Burning
- Emily C. Burger
- Mar 10, 2019
- 2 min read
Night is the mask of fear and despair, cloaking over what is soft and beautiful by day, twisting dreams into nightmares.
A field, soaked in the aftermath of a light shower, sheep safely tucked away indoors, by day exuded with life and colour. But now, in the shadow of night, there hung a heaviness under which even the wind dared not breathe. Darkness had consumed it all, so that the red flowers were now soulless bodies hanging from the poles of the fence, and the dancing trees now shrunk back into silent carcasses.
Yet, under the dim light of the stars, a lone figure could be seen laying in the damp grass. Shivering in her light jacket, the girl stared up at the sky, wiping at her face when the tears were too heavy to escape her ears and mouth.
This girl, so distraught as to flee the warm house just up the hill, found herself trapped in a prison. Locked in her thoughts, locked in the failure that seemed to consume her then. Her hair was sticky, curling up above her head and mingling with the damp earth. The cold didn't bother her now, she was too weak to care. Pain throbbed through her skull and ate at her chest. Her cheeks and eyes swelled into red plums.
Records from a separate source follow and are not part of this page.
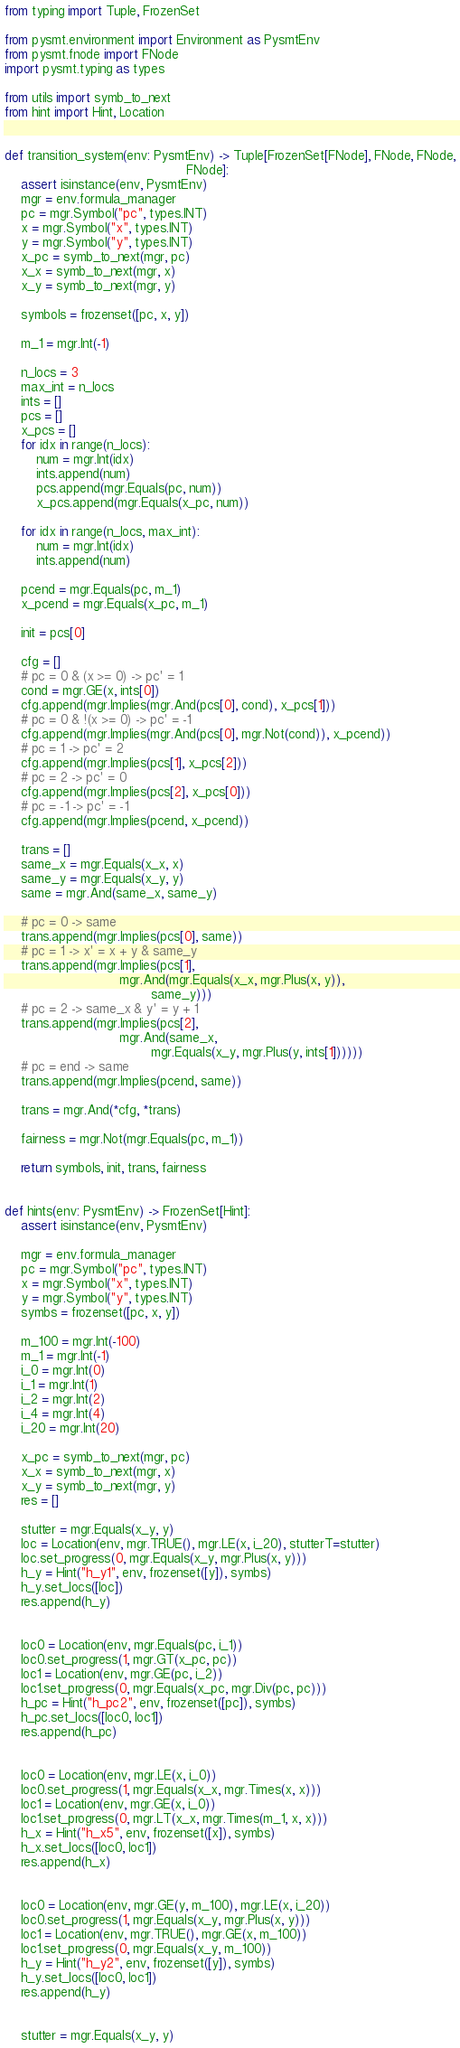<code> <loc_0><loc_0><loc_500><loc_500><_Python_>from typing import Tuple, FrozenSet

from pysmt.environment import Environment as PysmtEnv
from pysmt.fnode import FNode
import pysmt.typing as types

from utils import symb_to_next
from hint import Hint, Location


def transition_system(env: PysmtEnv) -> Tuple[FrozenSet[FNode], FNode, FNode,
                                              FNode]:
    assert isinstance(env, PysmtEnv)
    mgr = env.formula_manager
    pc = mgr.Symbol("pc", types.INT)
    x = mgr.Symbol("x", types.INT)
    y = mgr.Symbol("y", types.INT)
    x_pc = symb_to_next(mgr, pc)
    x_x = symb_to_next(mgr, x)
    x_y = symb_to_next(mgr, y)

    symbols = frozenset([pc, x, y])

    m_1 = mgr.Int(-1)

    n_locs = 3
    max_int = n_locs
    ints = []
    pcs = []
    x_pcs = []
    for idx in range(n_locs):
        num = mgr.Int(idx)
        ints.append(num)
        pcs.append(mgr.Equals(pc, num))
        x_pcs.append(mgr.Equals(x_pc, num))

    for idx in range(n_locs, max_int):
        num = mgr.Int(idx)
        ints.append(num)

    pcend = mgr.Equals(pc, m_1)
    x_pcend = mgr.Equals(x_pc, m_1)

    init = pcs[0]

    cfg = []
    # pc = 0 & (x >= 0) -> pc' = 1
    cond = mgr.GE(x, ints[0])
    cfg.append(mgr.Implies(mgr.And(pcs[0], cond), x_pcs[1]))
    # pc = 0 & !(x >= 0) -> pc' = -1
    cfg.append(mgr.Implies(mgr.And(pcs[0], mgr.Not(cond)), x_pcend))
    # pc = 1 -> pc' = 2
    cfg.append(mgr.Implies(pcs[1], x_pcs[2]))
    # pc = 2 -> pc' = 0
    cfg.append(mgr.Implies(pcs[2], x_pcs[0]))
    # pc = -1 -> pc' = -1
    cfg.append(mgr.Implies(pcend, x_pcend))

    trans = []
    same_x = mgr.Equals(x_x, x)
    same_y = mgr.Equals(x_y, y)
    same = mgr.And(same_x, same_y)

    # pc = 0 -> same
    trans.append(mgr.Implies(pcs[0], same))
    # pc = 1 -> x' = x + y & same_y
    trans.append(mgr.Implies(pcs[1],
                             mgr.And(mgr.Equals(x_x, mgr.Plus(x, y)),
                                     same_y)))
    # pc = 2 -> same_x & y' = y + 1
    trans.append(mgr.Implies(pcs[2],
                             mgr.And(same_x,
                                     mgr.Equals(x_y, mgr.Plus(y, ints[1])))))
    # pc = end -> same
    trans.append(mgr.Implies(pcend, same))

    trans = mgr.And(*cfg, *trans)

    fairness = mgr.Not(mgr.Equals(pc, m_1))

    return symbols, init, trans, fairness


def hints(env: PysmtEnv) -> FrozenSet[Hint]:
    assert isinstance(env, PysmtEnv)

    mgr = env.formula_manager
    pc = mgr.Symbol("pc", types.INT)
    x = mgr.Symbol("x", types.INT)
    y = mgr.Symbol("y", types.INT)
    symbs = frozenset([pc, x, y])

    m_100 = mgr.Int(-100)
    m_1 = mgr.Int(-1)
    i_0 = mgr.Int(0)
    i_1 = mgr.Int(1)
    i_2 = mgr.Int(2)
    i_4 = mgr.Int(4)
    i_20 = mgr.Int(20)

    x_pc = symb_to_next(mgr, pc)
    x_x = symb_to_next(mgr, x)
    x_y = symb_to_next(mgr, y)
    res = []

    stutter = mgr.Equals(x_y, y)
    loc = Location(env, mgr.TRUE(), mgr.LE(x, i_20), stutterT=stutter)
    loc.set_progress(0, mgr.Equals(x_y, mgr.Plus(x, y)))
    h_y = Hint("h_y1", env, frozenset([y]), symbs)
    h_y.set_locs([loc])
    res.append(h_y)


    loc0 = Location(env, mgr.Equals(pc, i_1))
    loc0.set_progress(1, mgr.GT(x_pc, pc))
    loc1 = Location(env, mgr.GE(pc, i_2))
    loc1.set_progress(0, mgr.Equals(x_pc, mgr.Div(pc, pc)))
    h_pc = Hint("h_pc2", env, frozenset([pc]), symbs)
    h_pc.set_locs([loc0, loc1])
    res.append(h_pc)


    loc0 = Location(env, mgr.LE(x, i_0))
    loc0.set_progress(1, mgr.Equals(x_x, mgr.Times(x, x)))
    loc1 = Location(env, mgr.GE(x, i_0))
    loc1.set_progress(0, mgr.LT(x_x, mgr.Times(m_1, x, x)))
    h_x = Hint("h_x5", env, frozenset([x]), symbs)
    h_x.set_locs([loc0, loc1])
    res.append(h_x)


    loc0 = Location(env, mgr.GE(y, m_100), mgr.LE(x, i_20))
    loc0.set_progress(1, mgr.Equals(x_y, mgr.Plus(x, y)))
    loc1 = Location(env, mgr.TRUE(), mgr.GE(x, m_100))
    loc1.set_progress(0, mgr.Equals(x_y, m_100))
    h_y = Hint("h_y2", env, frozenset([y]), symbs)
    h_y.set_locs([loc0, loc1])
    res.append(h_y)


    stutter = mgr.Equals(x_y, y)</code>

When had the lamp gone out?
The black cloak became too heavy to lift, but she had no tears left to cry now. Sadness himself paralyzed her there in the grass.
She wondered how long it would take for death to find her.
Was it cold enough to die of hypothermia?
Hours of silence. Above her, she could feel the boundless expanse of space, the universe, sprinkles of light casually flung across the abyss of an endless sky. What once might have made her feel small and insignificant, brought her attention to a single star, shooting across the darkness above her. And it occurred to her:
No shooting star ever flew without fire. If nothing is burning, if nothing is racing through the atmosphere fast enough to tear itself apart, there can be no sparks, no light. No dreams or wishes can come true. Something must be sacrificed, something must fall away. Rock must push through heat to make it through the atmosphere. No use in questioning what caused the propulsion in the first place. All that can be done is to trust the direction in which you were propelled. All that can be done is to surge ahead, follow the course. To relentlessly move forward.
A choice: succumb to fear. Succumb to the 'realistic logic' of probability. Allow failure to be the ultimate outcome. Melt beneath the pressure. Disintegrate. Explode into dust like the temporary show that her journey could be.
Or. Buckle up for the ride. Push through the fire. Let go of the weights slowing her down. Let the toxins be all that melt away. Endure the pressure. Trust the propulsion. Trust the direction. Fall forward.
First an arm. Then a leg. She lifted herself up, the darkness no longer able to hold her down. Because now a light was within her, a force strong enough to displace the night. She stood, and after a final look at the sky, the girl returned to the house.